This repository contains the proposed implementation described in the publication:
Fast Approximation of Persistence Diagrams with Guarantees
Jules Vidal and Julien Tierny
IEEE Symposium on Large Data Analysis and Visualization (LDAV), 2021
The paper is available on arxiv: https://arxiv.org/abs/2108.05766
The implementation code is based on The Topology ToolKit (https://topology-tool-kit.github.io/).

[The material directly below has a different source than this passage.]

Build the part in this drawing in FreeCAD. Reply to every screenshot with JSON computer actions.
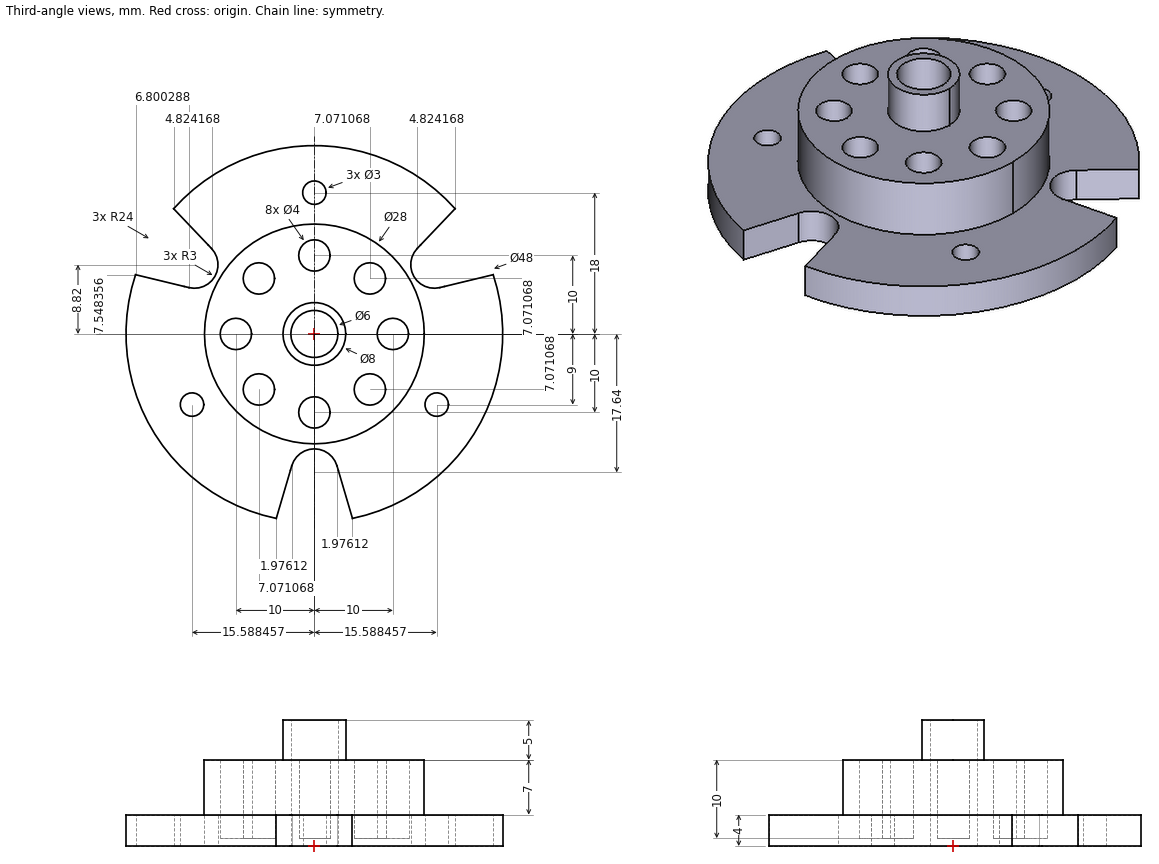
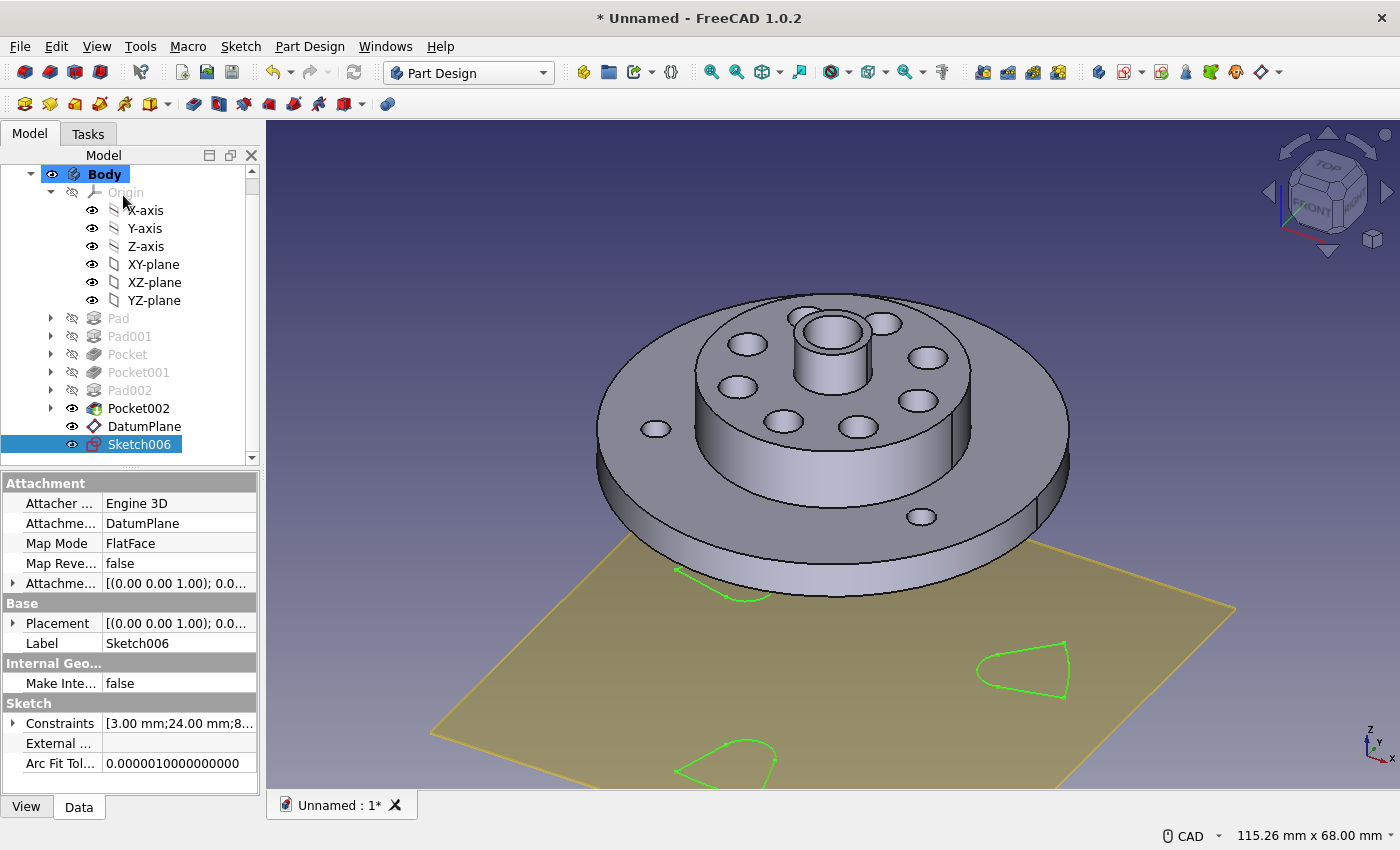
{"action": "left_click", "coordinate": [194, 104]}

Most of the added code is available in the archive under the src/core/base/progressiveTopology directory and is located in the file ProgressiveTopologyAdaptive.h
The present build instructions have been tested onto an vanilla installation of Ubuntu 20.04 Linux distribution. Other distributions may need specific instructions.

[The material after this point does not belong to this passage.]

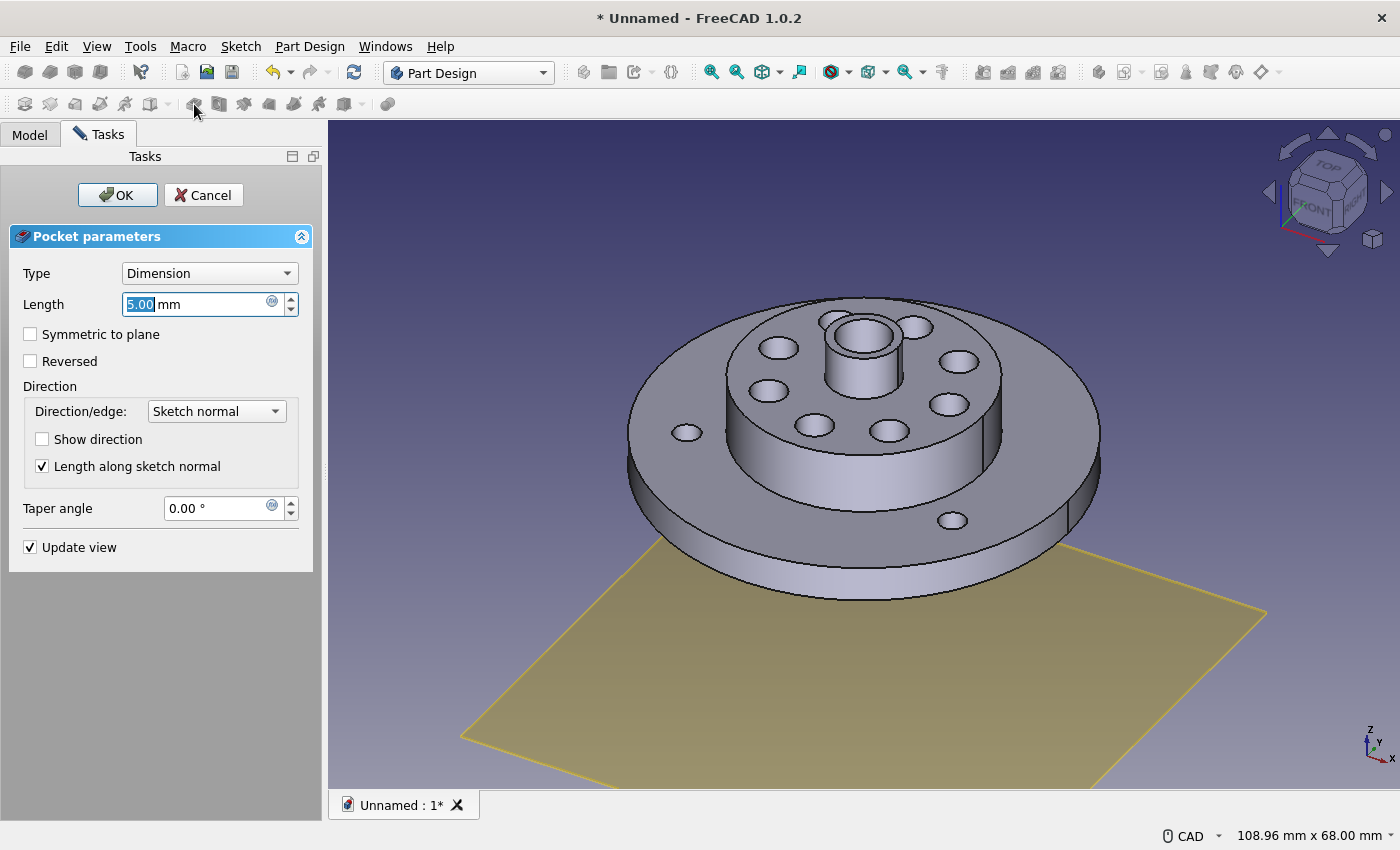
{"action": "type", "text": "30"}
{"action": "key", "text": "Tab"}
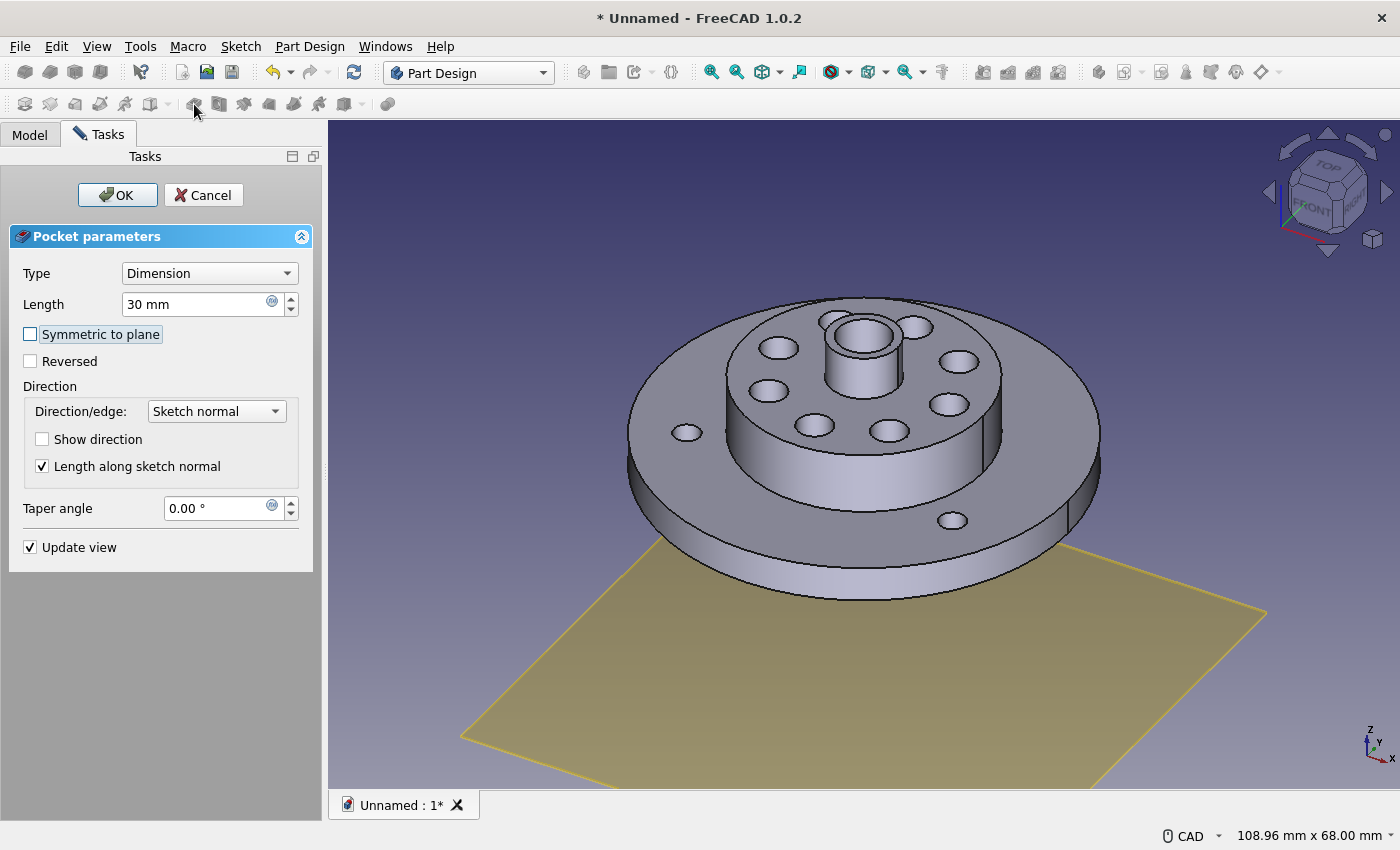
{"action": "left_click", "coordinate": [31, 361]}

The installation necessitated to build either ParaView 5.8.1 (or later) of VTK 9. We propose in these instructions to build ParaView. The instructions are identical to the installation tutorial of TTK's website.
The first step is to install the software dependencies. Copy the following shell statement into a terminal (omit the $ character):
$ sudo apt update
$ sudo apt-get install cmake-qt-gui libboost-system-dev libpython3.8-dev libxt-dev build-essential python-numpy
$ sudo apt-get install qt5-default qttools5-dev libqt5x11extras5-dev libqt5svg5-dev qtxmlpatterns5-dev-tools
This might take some time, depending on the number of already installed packages on the target system.
Now, move the compressed archive to your working directory and decompress it.
$ unzip implementation.zip
Download ParaView's source code: https://www.paraview.org/paraview-downloads/download.php?submit=Download&version=v5.8&type=source&os=Sources&downloadFile=ParaView-v5.8.1.tar.xz
Extract it in your working directory and create the build folder:
$ tar xJf ParaView-v5.8.1.tar.xz
$ cd ParaView-v5.8.1
$ mkdir build && cd build
Now launch the following command:
$ cmake-gui ../
The configuration window opens. Click on the "Configure" button to proceed. Once the configuration is finished, please tick the "Advanced" check box and set the following variables as follows (required for TTK's installation):
. CMAKE_BUILD_TYPE=Release . PARAVIEW_USE_PYTHON=ON . PARAVIEW_INSTALL_DEVELOPMENT_FILES=ON . PARAVIEW_PYTHON_VERSION=3
Next, click on the "Generate" button and close the configuration window when the generation is completed.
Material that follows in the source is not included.